SEBASTIÃO SALGADO (1944-2025)
- Cristina Comelli
- 24 mag
- Tempo di lettura: 2 min
di Roberto Mutti

Quella piccola Leica che si era ritrovata fra le mani gliela aveva passata la compagna di una vita, la moglie Lelia. Che cosa doveva farsene quel giovane talentuoso economista già proiettato in un futuro in qualche organizzazione internazionale? Spesso la storia appare nei suoi aspetti più sconvolgenti ma, siccome la vita è dialettica, talvolta tutto si trasforma mostrando là in fondo al tunnel una intensa luce.
Così l’avvento della feroce dittatura nel suo Brasile lo spinse alla militanza nella sinistra ma anche a spostarsi in Europa e a usare la fotocamera come un’arma per raccontare la realtà.

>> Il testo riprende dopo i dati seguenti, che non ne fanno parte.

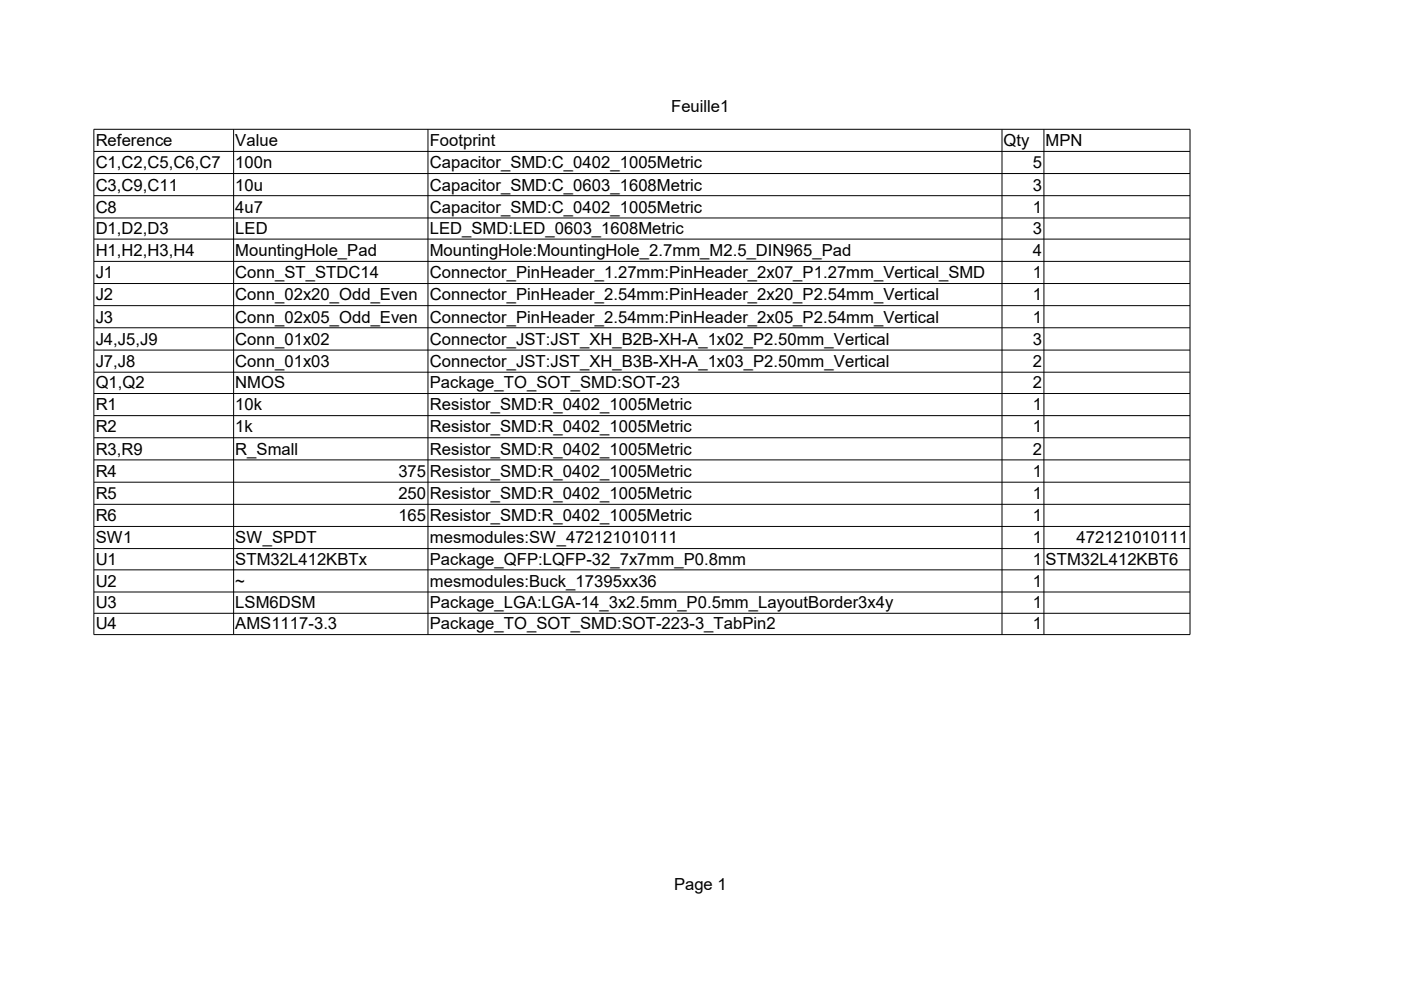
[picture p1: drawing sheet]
<svg xmlns="http://www.w3.org/2000/svg" width="297mm" height="210mm" viewBox="0 0 297 210" stroke-linecap="round" stroke-linejoin="round" font-family="sans-serif">
<defs><g id="words">
<g font-size="3.5">
<text x="142.3" y="23.7">Feuille1</text>
<text x="20.3" y="35.7">C1,C2,C5,C6,C7</text>
<text x="20.3" y="31">Reference</text>
<text x="49.9" y="35.7">100n</text>
<text x="49.9" y="31">Value</text>
<text x="91.1" y="31">Footprint</text>
<text x="91.1" y="35.7">Capacitor_SMD:C_0402_1005Metric</text>
<text x="212.8" y="31">Qty</text>
<text x="219" y="35.7">5</text>
<text x="221.7" y="31">MPN</text>
<text x="20.3" y="40.4">C3,C9,C11</text>
<text x="49.9" y="40.4">10u</text>
<text x="91.1" y="40.4">Capacitor_SMD:C_0603_1608Metric</text>
<text x="219" y="40.4">3</text>
<text x="20.3" y="45.1">C8</text>
<text x="49.9" y="45.1">4u7</text>
<text x="91.1" y="45.1">Capacitor_SMD:C_0402_1005Metric</text>
<text x="219" y="45.1">1</text>
<text x="20.3" y="49.6">D1,D2,D3</text>
<text x="49.9" y="49.6">LED</text>
<text x="91.1" y="49.6">LED_SMD:LED_0603_1608Metric</text>
<text x="219" y="49.6">3</text>
<text x="20.3" y="54.3">H1,H2,H3,H4</text>
<text x="20.3" y="59">J1</text>
<text x="49.9" y="54.3">MountingHole_Pad</text>
<text x="49.9" y="59">Conn_ST_STDC14</text>
<text x="91.1" y="54.3">MountingHole:MountingHole_2.7mm_M2.5_DIN965_Pad</text>
<text x="91.1" y="59">Connector_PinHeader_1.27mm:PinHeader_2x07_P1.27mm_Vertical_SMD</text>
<text x="219" y="54.3">4</text>
<text x="219" y="59">1</text>
<text x="20.3" y="63.7">J2</text>
<text x="49.9" y="63.7">Conn_02x20_Odd_Even</text>
<text x="91.1" y="63.7">Connector_PinHeader_2.54mm:PinHeader_2x20_P2.54mm_Vertical</text>
<text x="219" y="63.7">1</text>
<text x="20.3" y="68.4">J3</text>
<text x="49.9" y="68.4">Conn_02x05_Odd_Even</text>
<text x="91.1" y="68.4">Connector_PinHeader_2.54mm:PinHeader_2x05_P2.54mm_Vertical</text>
<text x="219" y="68.4">1</text>
<text x="20.3" y="73.1">J4,J5,J9</text>
<text x="20.3" y="77.8">J7,J8</text>
<text x="49.9" y="73.1">Conn_01x02</text>
<text x="49.9" y="77.8">Conn_01x03</text>
<text x="91.1" y="73.1">Connector_JST:JST_XH_B2B-XH-A_1x02_P2.50mm_Vertical</text>
<text x="91.1" y="77.8">Connector_JST:JST_XH_B3B-XH-A_1x03_P2.50mm_Vertical</text>
<text x="219" y="73.1">3</text>
<text x="219" y="77.8">2</text>
<text x="20.3" y="82.3">Q1,Q2</text>
<text x="49.9" y="82.3">NMOS</text>
<text x="91.1" y="82.3">Package_TO_SOT_SMD:SOT-23</text>
<text x="219" y="82.3">2</text>
<text x="20.3" y="87">R1</text>
<text x="49.9" y="87">10k</text>
<text x="91.1" y="87">Resistor_SMD:R_0402_1005Metric</text>
<text x="219" y="87">1</text>
<text x="20.3" y="91.7">R2</text>
<text x="49.9" y="91.7">1k</text>
<text x="91.1" y="91.7">Resistor_SMD:R_0402_1005Metric</text>
<text x="219" y="91.7">1</text>
<text x="20.3" y="96.4">R3,R9</text>
<text x="20.3" y="101.1">R4</text>
<text x="49.9" y="96.4">R_Small</text>
<text x="84.5" y="101.1">375</text>
<text x="91.1" y="96.4">Resistor_SMD:R_0402_1005Metric</text>
<text x="91.1" y="101.1">Resistor_SMD:R_0402_1005Metric</text>
<text x="219" y="96.4">2</text>
<text x="219" y="101.1">1</text>
<text x="20.3" y="105.8">R5</text>
<text x="84.5" y="105.8">250</text>
<text x="91.1" y="105.8">Resistor_SMD:R_0402_1005Metric</text>
<text x="219" y="105.8">1</text>
<text x="20.3" y="110.5">R6</text>
<text x="84.5" y="110.5">165</text>
<text x="91.1" y="110.5">Resistor_SMD:R_0402_1005Metric</text>
<text x="219" y="110.5">1</text>
<text x="20.3" y="115.2">SW1</text>
<text x="20.3" y="119.7">U1</text>
<text x="49.9" y="115.2">SW_SPDT</text>
<text x="49.9" y="119.7">STM32L412KBTx</text>
<text x="91.1" y="119.7">Package_QFP:LQFP-32_7x7mm_P0.8mm</text>
<text x="91.1" y="115.2">mesmodules:SW_472121010111</text>
<text x="219" y="115.2">1</text>
<text x="219" y="119.7">1</text>
<text x="221.7" y="119.7">STM32L412KBT6</text>
<text x="228.2" y="115.2">472121010111</text>
<text x="20.3" y="124.4">U2</text>
<text x="49.9" y="124.4">~</text>
<text x="91.1" y="124.4">mesmodules:Buck_17395xx36</text>
<text x="219" y="124.4">1</text>
<text x="20.3" y="128.9">U3</text>
<text x="49.9" y="128.9">LSM6DSM</text>
<text x="91.1" y="128.9">Package_LGA:LGA-14_3x2.5mm_P0.5mm_LayoutBorder3x4y</text>
<text x="219" y="128.9">1</text>
<text x="20.3" y="133.4">U4</text>
<text x="49.9" y="133.4">AMS1117-3.3</text>
<text x="91.1" y="133.4">Package_TO_SOT_SMD:SOT-223-3_TabPin2</text>
<text x="219" y="133.4">1</text>
<text x="142.9" y="188.7">Page 1</text>
</g>
</g></defs>
<g fill="none" stroke="#000" stroke-width=".21">
<path d="M19.9 27.4h232.4v107.1h-232.4zM19.9 32.1h232.4M19.9 36.8h232.4M49.5 27.4v107.1M90.7 27.4v107.1M212.4 27.4v107.1M221.3 27.4v107.1M19.9 41.5h232.4M19.9 46.2h232.4M19.9 50.7h232.4M19.9 55.4h232.4M19.9 60.1h232.4"/>
<path d="M19.9 64.8h232.4M19.9 69.5h232.4M19.9 74.2h232.4M19.9 78.9h232.4M19.9 83.4h232.4M19.9 88.1h232.4M19.9 92.8h232.4M19.9 97.5h232.4M19.9 102.2h232.4M19.9 106.9h232.4M19.9 111.6h232.4M19.9 116.3h232.4"/>
<path d="M19.9 120.8h232.4M19.9 125.5h232.4M19.9 130h232.4"/>
</g>
<use href="#words"/>
</svg>

Nel 1974 scoppia in Portogallo la “rivoluzione dei garofani”: Sebastião e Lelia raggiungono in auto il paese per documentare la caduta di uno degli ultimi regimi fascisti. Ora la fotografia è finalmente la strada in cui Salgado crede e i risultati dei suoi reportage lo confermano: le sue prime fotografie che in tutto il mondo si vedono sono quelle dell’attentato a Ronald Reagan avventurosamente da lui scattate ma sapete com’è tutti guardano l’immagine ma non la firma di chi l’ha realizzata.
Tutto cambia quando esce sui giornali e i periodici di tutto il mondo un reportage che racconta qualcosa di sconosciuto, quanto succedeva a Sierra Pelada, una miniera a cielo aperto dove lavoravano alla ricerca dell’oro migliaia di persone in un paesaggio paragonabile all’inferno dantesco. Le tante riprese scattate in uno straordinario bianconero vivendo fra queste persone che non erano schiavizzate anche se lo sembravano furono una rivelazione: era nato un grande fotografo che però poteva contare su quella formazione da economista che gli faceva comprendere a fondo le dinamiche del lavoro. Già perché quelle immagini erano parte di una più ampia ricerca (“La mano dell’uomo” era il bellissimo titolo da lui scelto) con cui rispondeva a quanti dicevano che ormai il lavoro manuale era stato sostituito dalla meccanizzazione mostrando da vicino i segni della fatica, proprio come aveva fatto Lewis Hine – che non era un economista ma un sociologo – per raccontare quella negli anni della rivoluzione industriale.
Come capita sempre a chi fa questo mestiere, da allora Salgado ha girato il mondo osservandone gli aspetti più crudeli da cui ha tratto immagini di grande intensità passando dagli esiti della Guerra del Golfo alla documentazione degli esodi di intere popolazioni. Poi, dopo quanto visto in Ruanda, decide che, se vuole non perdere definitivamente la fiducia nell’uomo, deve spostare il suo sguardo sulla natura con grandi, complessi e affascinanti lavori dome “Genesi” e “Amazȏnia”. Ne nascono libri e mostre di grande fascino ma, siccome il successo non lo si perdona a nessuno, ecco che circola la più inconsistente delle accuse, quella di produrre immagini estetizzanti. Sono, invece, affascinanti e spettacolari come la natura sa esserlo: per il grande fotografo brasiliano non sono fine a sé stesse ma servono a responsabilizzarci. Chi si ferma di fronte alla indubbia bellezza di quelle riprese crede che quello di Salgado sia un messaggio in fin dei conti tranquillizzante e, invece, per lui era il contrario perché non era convinto che il mondo stesse per sparire ma che lo fosse il genere umano.